4.2: Update the openapi.yaml file

Next, you'll just need to add the same Replit URL to the server: - url section:

openapi: 3.0.2
info:
  title: Retrieval Plugin API
  description: A retrieval API for querying and filtering documents based on natural language queries and metadata
  version: 1.0.0
  servers:
    - url: https://chatgpt-retrieval-plugin.mlqai.repl.co
paths:
#...rest of the code

5. Using the Retrieval Plugin in ChatGPT

With those two files updated, we're now ready to go and test the Retrieval plugin in ChatGPT. The steps we need to take to do this include:

  1. Run the API with poetry run start if it's not already running
  2. Go to ChatGPT Plugin store, click "Develop your own plugin", add your Replit URL and install it

After adding our bearer token for authorization, I can now test it out by asking a question about a recent AI/ML topic that I've written about and I know ChatGPT doesn't have access to on it's own...first, let's test wihtout the plugins.

Now, after we enable the new plugin, it should be able to retrieve relevant context from my site and answer the question...
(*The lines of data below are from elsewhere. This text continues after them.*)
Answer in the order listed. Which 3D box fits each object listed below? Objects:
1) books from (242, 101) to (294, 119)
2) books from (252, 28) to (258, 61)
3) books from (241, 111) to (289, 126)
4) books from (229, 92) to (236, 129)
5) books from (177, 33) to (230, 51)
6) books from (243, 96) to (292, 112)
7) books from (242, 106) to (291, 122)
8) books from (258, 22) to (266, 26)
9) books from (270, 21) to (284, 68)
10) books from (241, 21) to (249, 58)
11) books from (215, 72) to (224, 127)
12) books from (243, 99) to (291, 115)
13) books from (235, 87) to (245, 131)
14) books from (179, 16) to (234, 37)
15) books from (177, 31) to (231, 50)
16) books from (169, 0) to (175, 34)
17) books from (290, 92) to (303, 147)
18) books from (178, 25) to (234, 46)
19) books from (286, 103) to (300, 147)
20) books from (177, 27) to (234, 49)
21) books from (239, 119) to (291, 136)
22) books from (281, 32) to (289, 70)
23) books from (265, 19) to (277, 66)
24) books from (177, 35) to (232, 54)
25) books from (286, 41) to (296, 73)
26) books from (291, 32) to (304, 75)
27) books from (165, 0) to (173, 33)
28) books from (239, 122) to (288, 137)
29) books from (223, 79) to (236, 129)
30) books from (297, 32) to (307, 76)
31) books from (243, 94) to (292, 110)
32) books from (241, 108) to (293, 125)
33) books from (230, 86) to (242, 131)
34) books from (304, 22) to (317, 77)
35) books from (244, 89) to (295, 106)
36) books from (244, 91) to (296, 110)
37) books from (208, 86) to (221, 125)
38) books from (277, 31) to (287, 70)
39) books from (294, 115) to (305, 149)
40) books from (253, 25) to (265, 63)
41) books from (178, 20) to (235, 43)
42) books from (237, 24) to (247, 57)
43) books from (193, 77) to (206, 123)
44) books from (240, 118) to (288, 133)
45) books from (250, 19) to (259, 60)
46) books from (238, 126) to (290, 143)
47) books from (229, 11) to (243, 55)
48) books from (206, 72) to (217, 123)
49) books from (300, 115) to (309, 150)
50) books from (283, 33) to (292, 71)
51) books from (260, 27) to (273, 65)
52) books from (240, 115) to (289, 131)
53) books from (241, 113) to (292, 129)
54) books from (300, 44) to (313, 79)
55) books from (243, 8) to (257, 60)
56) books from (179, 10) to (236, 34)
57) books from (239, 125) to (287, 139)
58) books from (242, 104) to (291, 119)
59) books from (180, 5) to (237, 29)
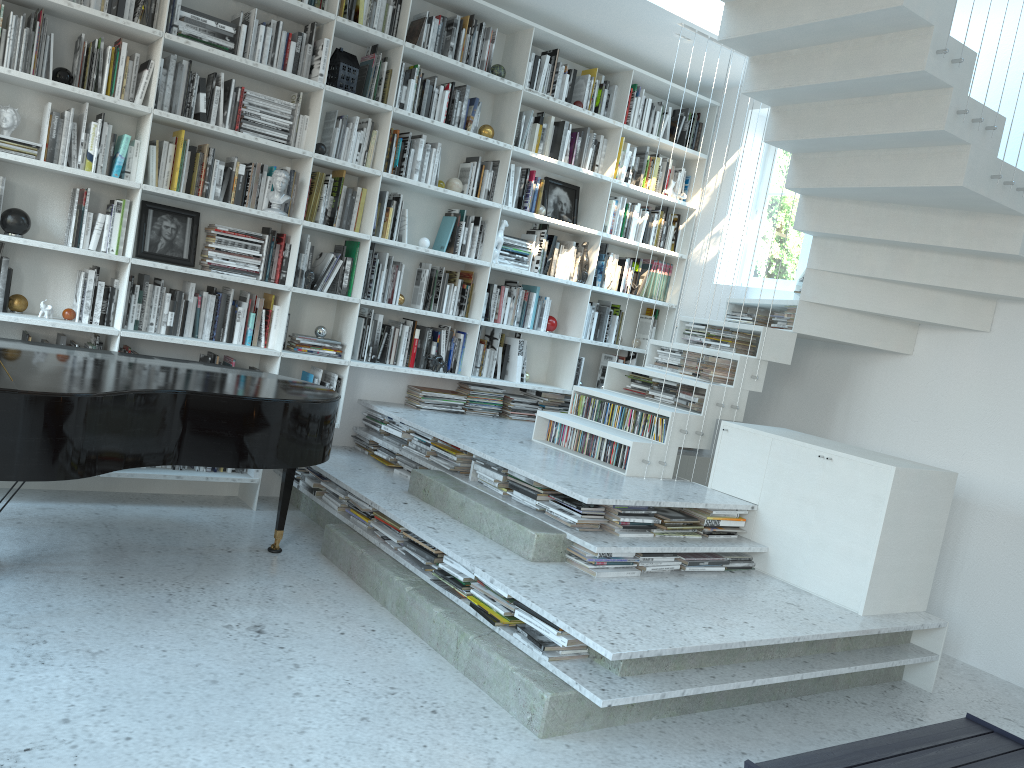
[{"bbox_3d":[-1.356,-1.491,4.838,0.285,0.012,0.159,7,5,-37],"label":"books"},{"bbox_3d":[-1.403,-1.791,4.741,0.011,0.204,0.133,7,6,-36],"label":"books"},{"bbox_3d":[-1.365,-1.444,4.842,0.254,0.012,0.160,8,5,-35],"label":"books"},{"bbox_3d":[-1.520,-1.444,4.731,0.024,0.216,0.132,7,6,-36],"label":"books"},{"bbox_3d":[-1.609,-1.758,4.594,0.254,0.012,0.160,8,5,-31],"label":"books"},{"bbox_3d":[-1.350,-1.516,4.834,0.254,0.012,0.160,8,5,-34],"label":"books"},{"bbox_3d":[-1.358,-1.467,4.837,0.254,0.012,0.160,7,6,-39],"label":"books"},{"bbox_3d":[-1.367,-1.807,4.760,0.012,0.245,0.131,7,6,-36],"label":"books"},{"bbox_3d":[-1.299,-1.809,4.794,0.023,0.270,0.184,7,6,-36],"label":"books"},{"bbox_3d":[-1.449,-1.808,4.722,0.024,0.223,0.128,7,6,-36],"label":"books"},{"bbox_3d":[-1.559,-1.487,4.693,0.049,0.291,0.162,7,6,-36],"label":"books"},{"bbox_3d":[-1.349,-1.502,4.830,0.254,0.012,0.160,8,5,-31],"label":"books"},{"bbox_3d":[-1.478,-1.452,4.732,0.013,0.247,0.176,7,6,-36],"label":"books"},{"bbox_3d":[-1.595,-1.835,4.589,0.254,0.025,0.160,7,6,-40],"label":"books"},{"bbox_3d":[-1.609,-1.770,4.596,0.254,0.012,0.160,7,6,-39],"label":"books"},{"bbox_3d":[-1.742,-1.843,4.488,0.013,0.218,0.141,7,6,-36],"label":"books"},{"bbox_3d":[-1.222,-1.457,4.937,0.012,0.319,0.139,7,6,-36],"label":"books"},{"bbox_3d":[-1.606,-1.794,4.596,0.285,0.012,0.159,7,5,-38],"label":"books"},{"bbox_3d":[-1.229,-1.423,4.920,0.012,0.254,0.160,7,6,-36],"label":"books"},{"bbox_3d":[-1.607,-1.782,4.595,0.285,0.012,0.159,7,6,-39],"label":"books"},{"bbox_3d":[-1.371,-1.396,4.843,0.285,0.012,0.159,7,6,-39],"label":"books"},{"bbox_3d":[-1.263,-1.785,4.828,0.010,0.230,0.152,7,6,-36],"label":"books"},{"bbox_3d":[-1.331,-1.817,4.795,0.029,0.274,0.140,7,6,-36],"label":"books"},{"bbox_3d":[-1.614,-1.747,4.598,0.285,0.012,0.159,8,5,-33],"label":"books"},{"bbox_3d":[-1.236,-1.759,4.840,0.029,0.188,0.175,7,6,-36],"label":"books"},{"bbox_3d":[-1.206,-1.786,4.854,0.032,0.248,0.173,7,6,-36],"label":"books"},{"bbox_3d":[-1.753,-1.834,4.466,0.027,0.201,0.167,7,6,-36],"label":"books"},{"bbox_3d":[-1.376,-1.384,4.848,0.254,0.012,0.160,7,5,-37],"label":"books"},{"bbox_3d":[-1.525,-1.470,4.703,0.021,0.269,0.191,7,6,-36],"label":"books"},{"bbox_3d":[-1.189,-1.791,4.884,0.029,0.262,0.132,7,6,-36],"label":"books"},{"bbox_3d":[-1.350,-1.529,4.836,0.254,0.012,0.160,8,5,-36],"label":"books"},{"bbox_3d":[-1.360,-1.455,4.838,0.285,0.012,0.159,8,5,-33],"label":"books"},{"bbox_3d":[-1.497,-1.455,4.734,0.015,0.245,0.182,7,6,-36],"label":"books"},{"bbox_3d":[-1.139,-1.821,4.905,0.012,0.334,0.155,7,6,-36],"label":"books"},{"bbox_3d":[-1.344,-1.552,4.831,0.285,0.012,0.159,8,5,-34],"label":"books"},{"bbox_3d":[-1.342,-1.539,4.826,0.285,0.012,0.159,7,6,-41],"label":"books"},{"bbox_3d":[-1.586,-1.453,4.678,0.024,0.217,0.147,7,6,-36],"label":"books"},{"bbox_3d":[-1.280,-1.782,4.802,0.023,0.223,0.190,7,6,-36],"label":"books"},{"bbox_3d":[-1.215,-1.395,4.952,0.030,0.198,0.171,7,6,-36],"label":"books"},{"bbox_3d":[-1.379,-1.793,4.740,0.027,0.216,0.189,7,6,-36],"label":"books"},{"bbox_3d":[-1.598,-1.810,4.589,0.285,0.024,0.159,8,5,-31],"label":"books"},{"bbox_3d":[-1.455,-1.788,4.686,0.025,0.187,0.193,7,6,-36],"label":"books"},{"bbox_3d":[-1.635,-1.469,4.633,0.066,0.237,0.153,7,6,-36],"label":"books"},{"bbox_3d":[-1.370,-1.408,4.844,0.254,0.012,0.160,8,5,-34],"label":"books"},{"bbox_3d":[-1.406,-1.807,4.721,0.021,0.238,0.171,7,6,-36],"label":"books"},{"bbox_3d":[-1.380,-1.360,4.850,0.285,0.012,0.159,8,5,-35],"label":"books"},{"bbox_3d":[-1.467,-1.824,4.676,0.012,0.254,0.160,7,6,-36],"label":"books"},{"bbox_3d":[-1.602,-1.490,4.667,0.022,0.286,0.130,7,6,-36],"label":"books"},{"bbox_3d":[-1.194,-1.396,4.974,0.030,0.205,0.158,7,6,-36],"label":"books"},{"bbox_3d":[-1.251,-1.783,4.829,0.012,0.231,0.158,7,6,-36],"label":"books"},{"bbox_3d":[-1.348,-1.790,4.765,0.028,0.219,0.183,7,6,-36],"label":"books"},{"bbox_3d":[-1.368,-1.420,4.843,0.254,0.012,0.160,7,5,-38],"label":"books"},{"bbox_3d":[-1.367,-1.432,4.844,0.285,0.012,0.159,8,5,-35],"label":"books"},{"bbox_3d":[-1.163,-1.757,4.892,0.029,0.203,0.191,7,6,-36],"label":"books"},{"bbox_3d":[-1.406,-1.829,4.697,0.011,0.284,0.189,7,6,-36],"label":"books"},{"bbox_3d":[-1.593,-1.860,4.591,0.285,0.024,0.159,8,5,-34],"label":"books"},{"bbox_3d":[-1.379,-1.373,4.851,0.254,0.012,0.160,8,5,-36],"label":"books"},{"bbox_3d":[-1.357,-1.479,4.837,0.254,0.012,0.160,8,5,-34],"label":"books"},{"bbox_3d":[-1.591,-1.884,4.593,0.285,0.024,0.159,8,5,-36],"label":"books"}]

Success! I can now see from the API call that's it's able to respond accurately and provides relevant resources.


Summary: Getting Started with the ChatGPT Retrieval Plugin

In this guide, we saw how to get started with adding long term memory to ChatGPT plugins using the open source retrieval plugin and a vector database like Pinecone.

So far we've only experimented with the /query parameter in the plugin, although we can also add and delete files to our database with the following endpoints

  • /upsert: Upload one or more documents and store their text and metadata in the vector database.
  • /upsert-file: Upload a single file (PDF, TXT, DOCX, PPTX, or MD) and store its text and metadata in the vector database.
  • /delete: Delete documents from the vector database using their IDs, a metadata filter, or a delete_all flag

For now, we've got V1 of our retrieval plugin project setup, and in the next few articles we'll discuss how we can improve it with some additional functionality.